> _YOUR TASK_: Report all lines of the data below that hold the word "Sounds".

[Opening SOURCE MATERIAL section]

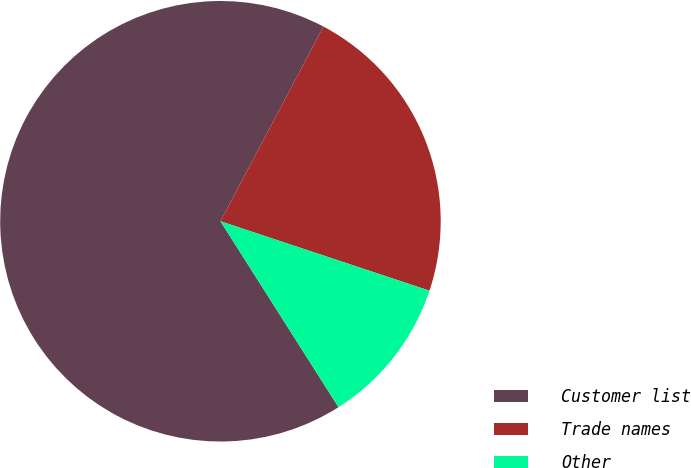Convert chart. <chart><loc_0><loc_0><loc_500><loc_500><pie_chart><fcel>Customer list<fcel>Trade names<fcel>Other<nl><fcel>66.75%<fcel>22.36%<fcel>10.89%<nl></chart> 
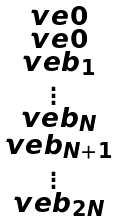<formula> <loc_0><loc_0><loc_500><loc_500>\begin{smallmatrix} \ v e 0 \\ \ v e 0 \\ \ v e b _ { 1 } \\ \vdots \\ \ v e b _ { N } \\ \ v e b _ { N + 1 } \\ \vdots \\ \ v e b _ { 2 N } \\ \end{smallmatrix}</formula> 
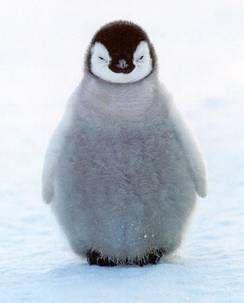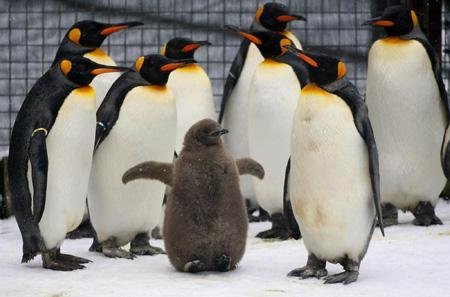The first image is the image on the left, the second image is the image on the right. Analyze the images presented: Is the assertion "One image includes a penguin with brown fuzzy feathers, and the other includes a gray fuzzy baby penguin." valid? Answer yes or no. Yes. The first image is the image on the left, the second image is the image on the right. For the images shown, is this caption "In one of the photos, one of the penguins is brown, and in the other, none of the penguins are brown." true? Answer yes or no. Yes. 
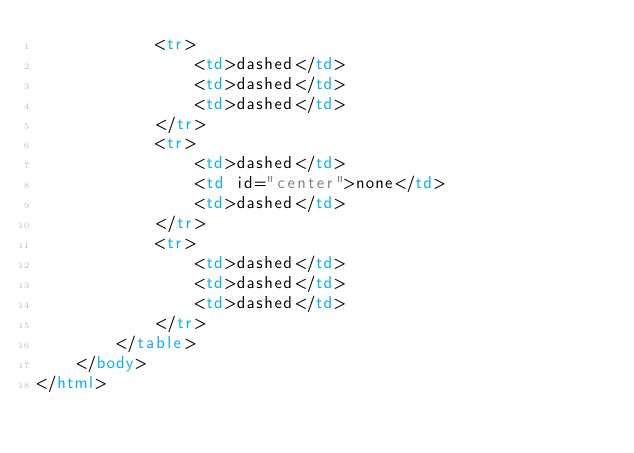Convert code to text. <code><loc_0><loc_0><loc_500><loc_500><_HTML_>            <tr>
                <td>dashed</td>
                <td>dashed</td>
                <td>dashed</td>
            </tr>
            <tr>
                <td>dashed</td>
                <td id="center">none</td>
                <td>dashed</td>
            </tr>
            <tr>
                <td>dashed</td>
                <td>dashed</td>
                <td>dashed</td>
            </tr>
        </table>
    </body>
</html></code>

[Closing SOURCE MATERIAL section]
[Opening SOURCE MATERIAL section]

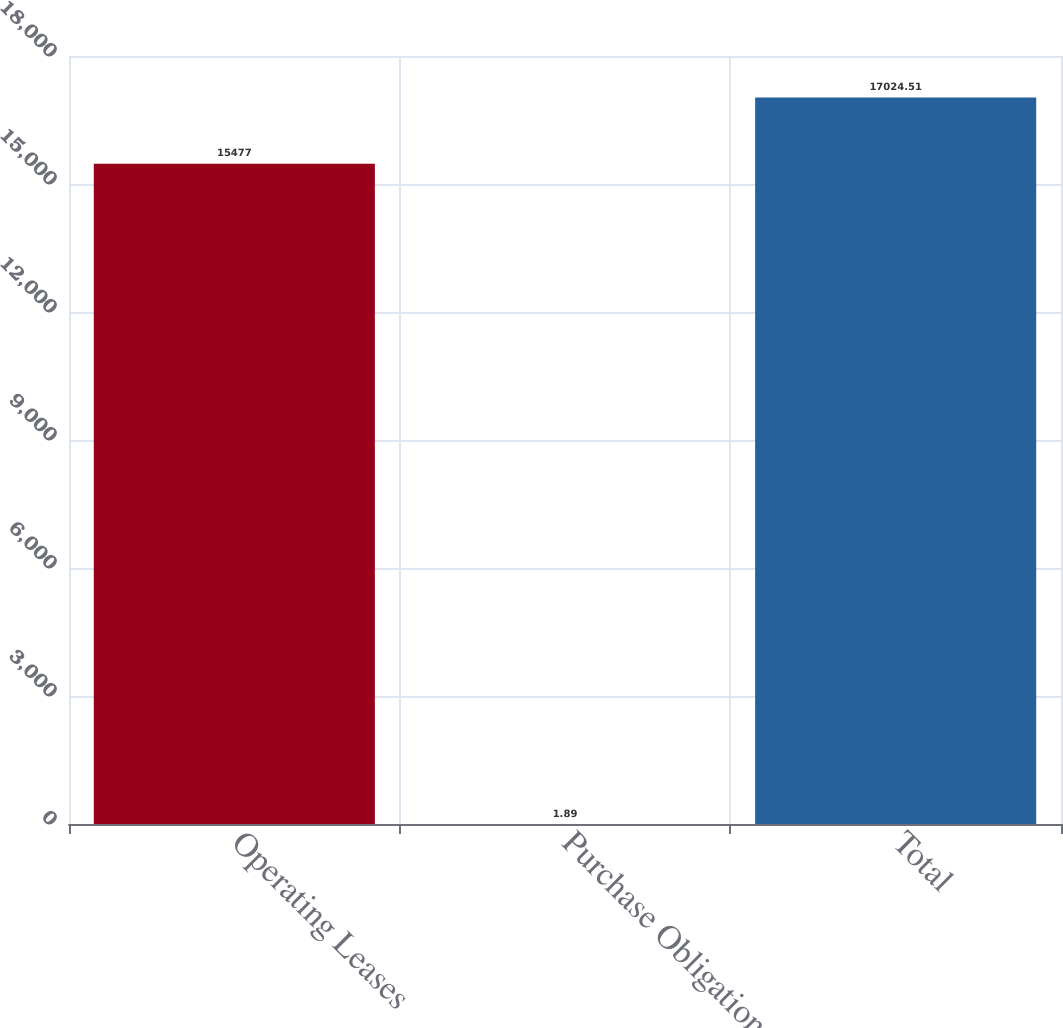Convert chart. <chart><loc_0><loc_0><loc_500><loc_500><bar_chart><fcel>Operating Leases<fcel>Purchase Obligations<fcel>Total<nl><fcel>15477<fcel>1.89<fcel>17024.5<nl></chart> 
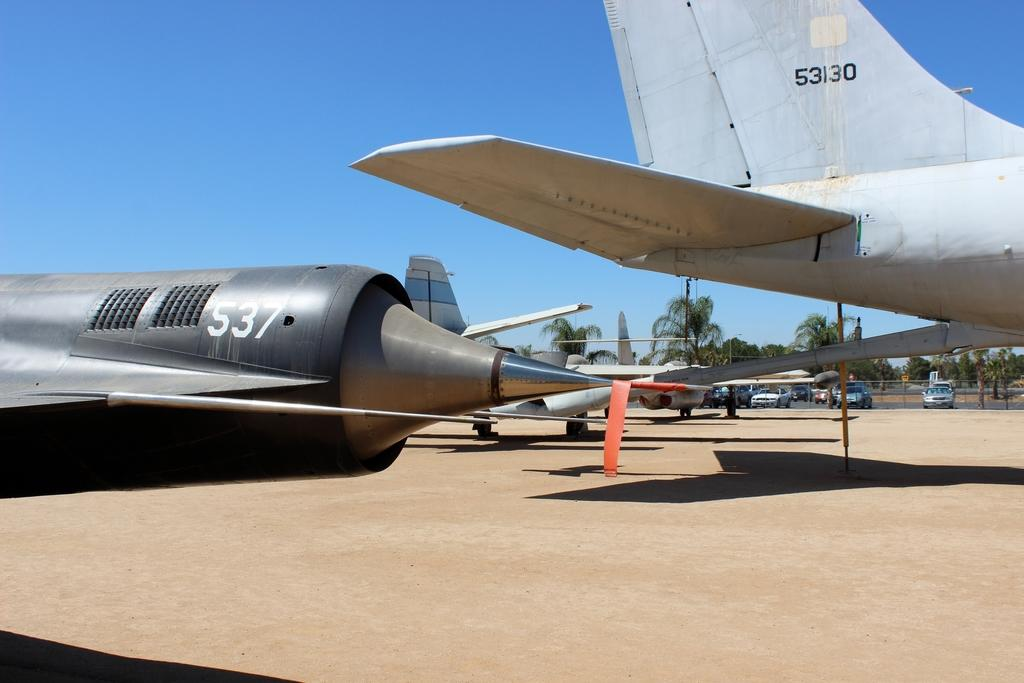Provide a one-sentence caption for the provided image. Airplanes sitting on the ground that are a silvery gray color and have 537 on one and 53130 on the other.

[Closing SOURCE MATERIAL section]
[Opening SOURCE MATERIAL section]

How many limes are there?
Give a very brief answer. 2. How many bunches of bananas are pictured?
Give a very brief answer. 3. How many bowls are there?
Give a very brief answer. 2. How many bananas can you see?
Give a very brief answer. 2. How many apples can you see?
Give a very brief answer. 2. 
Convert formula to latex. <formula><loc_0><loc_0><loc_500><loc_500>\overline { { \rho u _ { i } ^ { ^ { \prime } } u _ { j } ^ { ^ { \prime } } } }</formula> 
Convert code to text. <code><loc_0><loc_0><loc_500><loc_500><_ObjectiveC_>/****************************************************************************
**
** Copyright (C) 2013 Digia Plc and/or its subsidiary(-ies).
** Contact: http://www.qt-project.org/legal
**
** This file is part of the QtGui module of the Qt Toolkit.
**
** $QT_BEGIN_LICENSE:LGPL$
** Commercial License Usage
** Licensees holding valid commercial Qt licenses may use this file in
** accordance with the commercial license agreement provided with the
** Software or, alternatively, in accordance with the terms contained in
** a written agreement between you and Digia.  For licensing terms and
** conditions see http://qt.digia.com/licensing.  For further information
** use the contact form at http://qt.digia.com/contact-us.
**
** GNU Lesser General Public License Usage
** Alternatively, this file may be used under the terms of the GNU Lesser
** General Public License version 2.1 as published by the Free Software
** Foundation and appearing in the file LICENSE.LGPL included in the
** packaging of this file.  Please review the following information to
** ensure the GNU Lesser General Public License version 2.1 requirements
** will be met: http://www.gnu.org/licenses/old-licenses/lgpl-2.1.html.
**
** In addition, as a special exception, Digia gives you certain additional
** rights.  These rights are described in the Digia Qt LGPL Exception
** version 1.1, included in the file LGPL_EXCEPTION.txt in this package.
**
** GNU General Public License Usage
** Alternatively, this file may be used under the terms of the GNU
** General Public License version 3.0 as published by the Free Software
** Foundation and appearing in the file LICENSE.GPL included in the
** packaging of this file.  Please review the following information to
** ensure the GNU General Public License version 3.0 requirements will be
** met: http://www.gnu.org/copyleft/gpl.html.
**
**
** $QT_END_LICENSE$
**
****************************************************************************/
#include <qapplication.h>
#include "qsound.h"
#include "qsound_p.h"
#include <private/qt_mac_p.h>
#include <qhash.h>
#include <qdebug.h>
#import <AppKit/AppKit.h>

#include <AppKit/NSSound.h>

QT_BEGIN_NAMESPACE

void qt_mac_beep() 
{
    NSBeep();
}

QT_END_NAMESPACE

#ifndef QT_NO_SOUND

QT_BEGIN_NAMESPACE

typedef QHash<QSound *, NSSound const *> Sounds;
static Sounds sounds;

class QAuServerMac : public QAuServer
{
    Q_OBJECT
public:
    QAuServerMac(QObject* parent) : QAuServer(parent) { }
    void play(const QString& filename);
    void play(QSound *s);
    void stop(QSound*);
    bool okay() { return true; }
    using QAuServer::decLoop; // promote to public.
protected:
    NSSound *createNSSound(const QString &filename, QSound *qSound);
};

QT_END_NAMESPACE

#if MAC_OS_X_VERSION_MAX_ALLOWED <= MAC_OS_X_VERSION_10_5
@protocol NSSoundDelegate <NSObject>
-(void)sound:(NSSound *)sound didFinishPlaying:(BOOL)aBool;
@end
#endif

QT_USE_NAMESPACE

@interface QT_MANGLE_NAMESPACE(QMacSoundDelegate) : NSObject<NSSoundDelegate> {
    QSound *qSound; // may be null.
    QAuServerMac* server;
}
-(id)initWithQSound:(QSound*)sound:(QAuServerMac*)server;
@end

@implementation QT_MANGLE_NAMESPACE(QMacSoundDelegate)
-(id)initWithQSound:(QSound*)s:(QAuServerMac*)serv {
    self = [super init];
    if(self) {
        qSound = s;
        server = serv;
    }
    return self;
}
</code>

[Closing SOURCE MATERIAL section]

> _RESULT OF THIS TASK_:
typedef QHash<QSound *, NSSound const *> Sounds;
static Sounds sounds;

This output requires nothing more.